ABD geçmişteki kriz tecrübelerinden hareketle pandemi krizinde gecikmeden likiditeyi artırmış ve ihtiyacı olan ülkelere aktarmıştı. Krizin etkilerini en aza indirmek için para basmanın maliyetine katlanması gerekiyordu. Aşıya yönelik erken hamleler de etkileri en aza indirmek için işe yarayabilirdi. Ancak uzun süre harekete geçilmedi. Covax programı başladıktan aylar sonra çalışmalara destek olmaya karar verildi.

Milletlerarası Ticaret Odası (ICC) tarafından yayınlanan çalışma aşıda adaletsiz dağılımın, adil dağılıma göre çok daha maliyetli olacağını gösteriyor. Çalışmaya göre aşı adaletsizliği küresel ekonomide 9,2 trilyon dolara kadar kayıp yaşanmasına yol açabilir. Aşıda adil dağılıma yanaşmayan zengin ülkelere maliyeti ise 4,5 trilyon doları bulabilir.

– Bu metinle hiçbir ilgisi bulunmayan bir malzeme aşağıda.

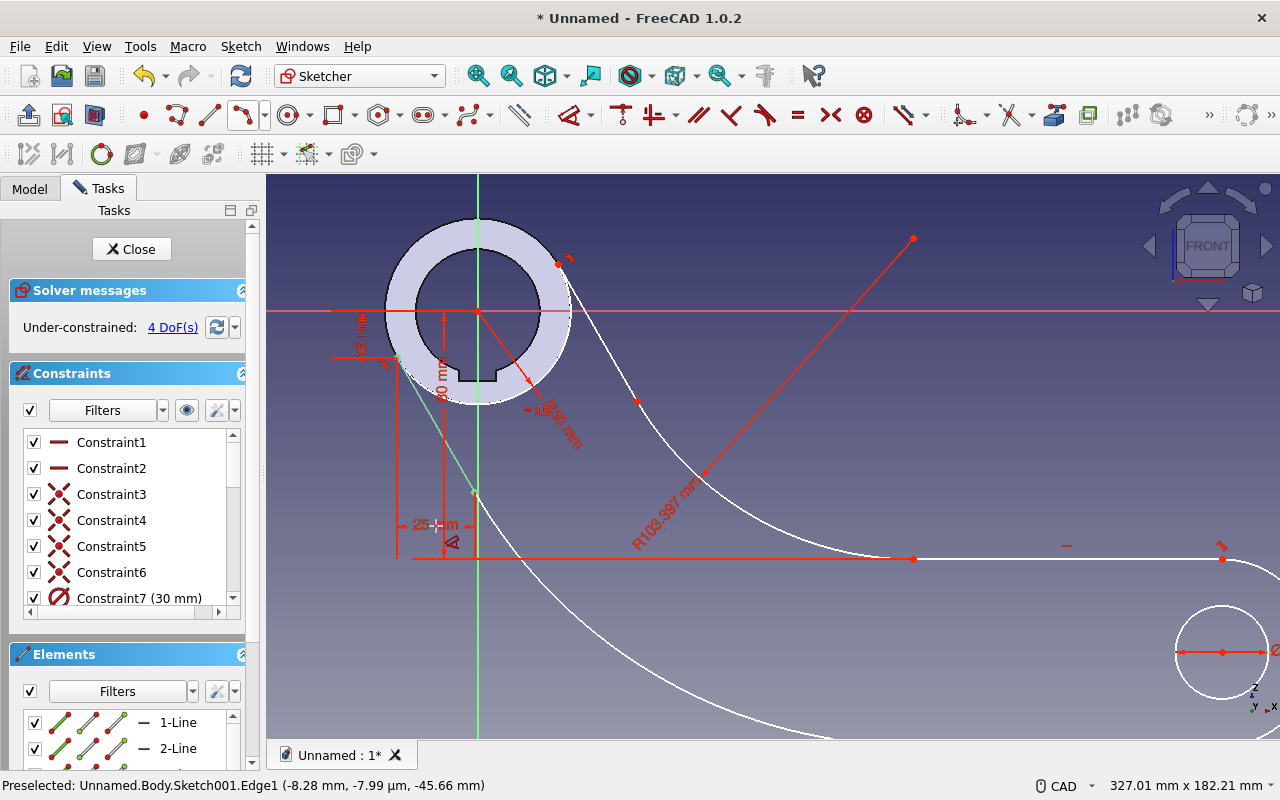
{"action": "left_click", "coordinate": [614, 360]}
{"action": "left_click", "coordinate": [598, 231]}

Bir tarafta daha adil dağıtılan aşı ve 27 milyar dolar fon açığı bulunan Covax programı, öte yanda adaletsiz dağıtımın 9.2 trilyon dolara varabilecek maliyeti… Programa destek olmak, gelişmiş ülkeler için ekonomik açıdan yeterince cazip görünüyor.

Bugün geldiğimiz noktada aşı ve diğer tıbbi ekipmanların eşit dağıtılmadığı sürece dünyada tam iyileşmenin mümkün olmadığını görüyoruz. Uluslararası sistemde her ülke kendi çıkarını öne koyduğu sürece küresel ölçekte fayda elde edilemez. Toplumsal bağışıklığın sağlanması için zengin ülkeler yoksul ülkelerin aşı maliyetlerini paylaşmak zorundadır. Ülkelerin ticaret ağlarıyla birbirine bağlı olduğu ve malların serbest dolaştığı bir dünyada her ülke sınırlarını güvenle açabildiği müddetçe ekonomik toparlanmadan söz edebiliriz. Her kıtada iyileşme için uluslararası işbirliğine ihtiyacımız var. Aksi takdirde küresel refah kaybı kaçınılmaz olacak.

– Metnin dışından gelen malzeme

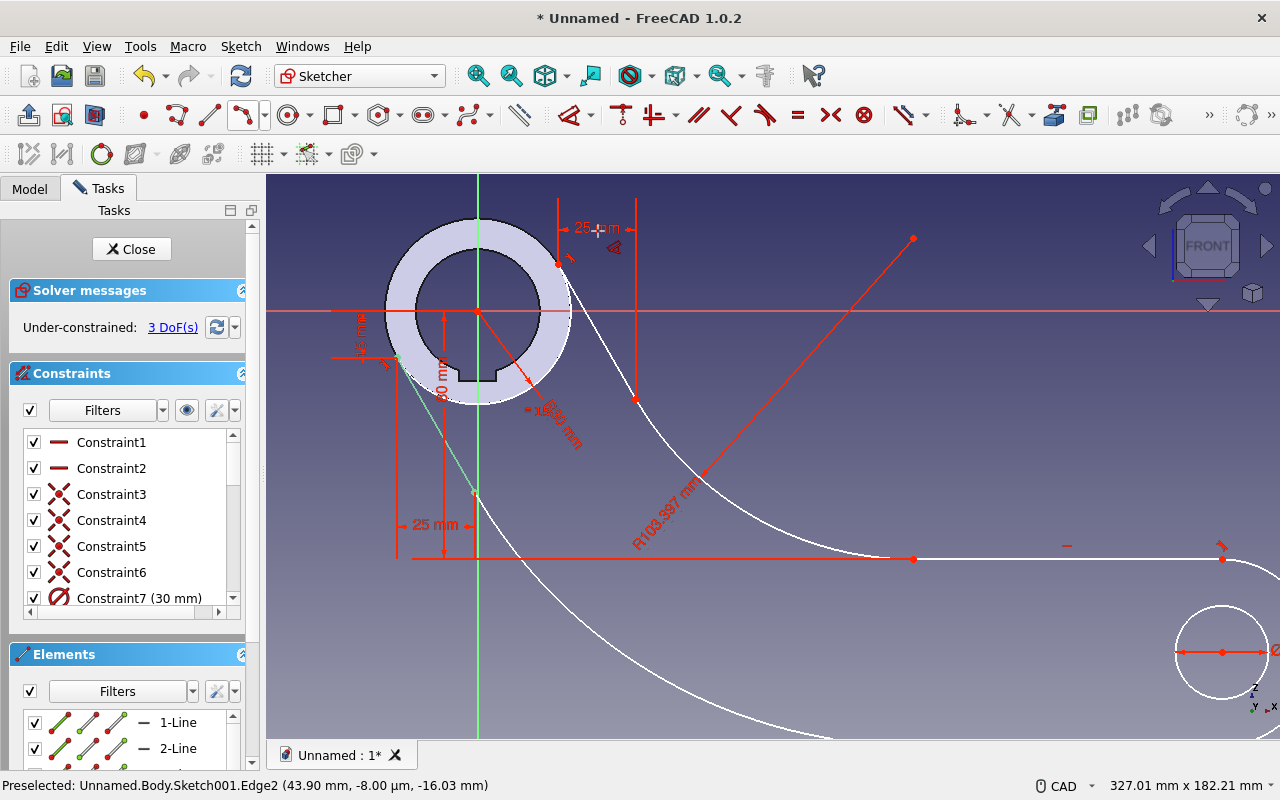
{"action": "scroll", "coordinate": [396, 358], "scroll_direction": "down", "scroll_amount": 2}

Covid-19 salgınının yarattığı tahribat tartışılmaz bir gerçektir. Ancak salgın geçmiş hataların tekrarlanmaması için de bir fırsat sunuyor. Tüm insanlığı kapsayacak politikalara ihtiyacımız var. Yoksa pandemi küresel sistemdeki adaletsizliğin güncel bir örneği haline gelecek.